Rubber is used to make everything from shoes and toys to golfs balls and condoms, but the biggest driver of the global rubber trade is still car and truck tires. That industry got hammered by Covid. In 2020, imports by the U.S., the world’s top consumer, fell 9.8% from 2019 to $13.2 billion from $14.6 billion. Americans weren’t driving as much, so they didn’t need to replace their tires. This trend, enacted around the world, decimated global rubber trade in 2020.

In the first quarter of 2021, U.S. consumers got back on the road, and tire imports increased 4.7% to $3.6 billion.

Overall, during that time, U.S. rubber imports increased 34.6% compared to the year before, rising to $9.1 billion from $6.7 billion. A big chunk of that increase came from shipments of rubber gloves, which more than doubled, to $2.6 billion from $613.2 million. The U.S. is the world’s top rubber importer, shipping in $27 billion worth in 2020.

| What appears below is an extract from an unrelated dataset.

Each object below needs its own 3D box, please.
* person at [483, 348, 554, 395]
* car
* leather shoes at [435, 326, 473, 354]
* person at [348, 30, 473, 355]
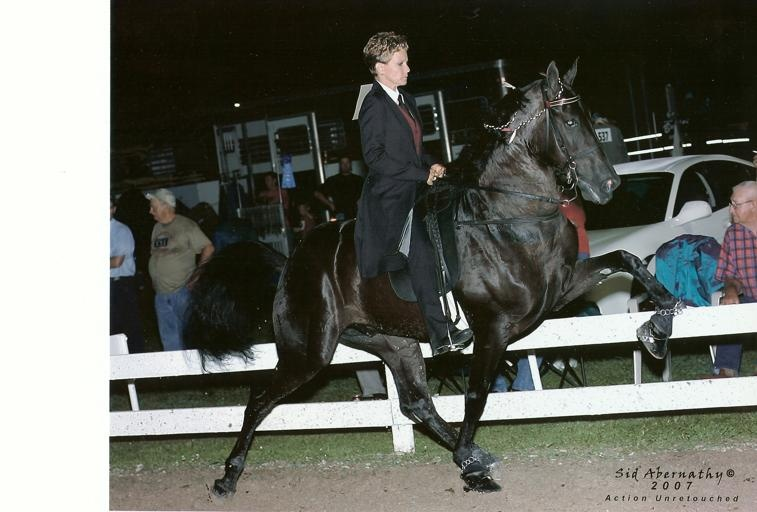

The U.S.’s top suppliers of rubber were Thailand ($4.1 billion), China ($2.8 billion), and Malaysia ($2.8 billion). The U.S. buys rubber from a wide variety of sources, ensuring that it will have stability of supply. It imported over a billion dollars’ worth of rubber from eight different countries.

The only rubber item to buck the downward trend in 2020 was gloves. U.S. imports exploded to $4.1 billion in 2020, from $2.3 billion in 2019, a 78% increase.

A resurgent rubber import market suggests that the U.S. industrial economy is stabilizing. U.S. imports of rubber tubes, pipes and hoses increased 0.7% to $267.7 million in the first two months of 2021, after falling 17.7% to $1.4 billion in 2020.

China was the world’s only major economy to expand in 2020. It increased rubber exports 1.7% to $22.5 billion. It shipped over a billion dollars to only two trading partners, the U.S. and UK., meaning that its producers enjoy a wide, global customer base.

However, Malaysia, the world’s fourth biggest rubber exporter, delivered the best performance in 2020, increasing rubber exports 58.1% to $11.2 billion. Thailand and German were the world’s second and third biggest rubber exporters in 2020, and the U.S. was fifth.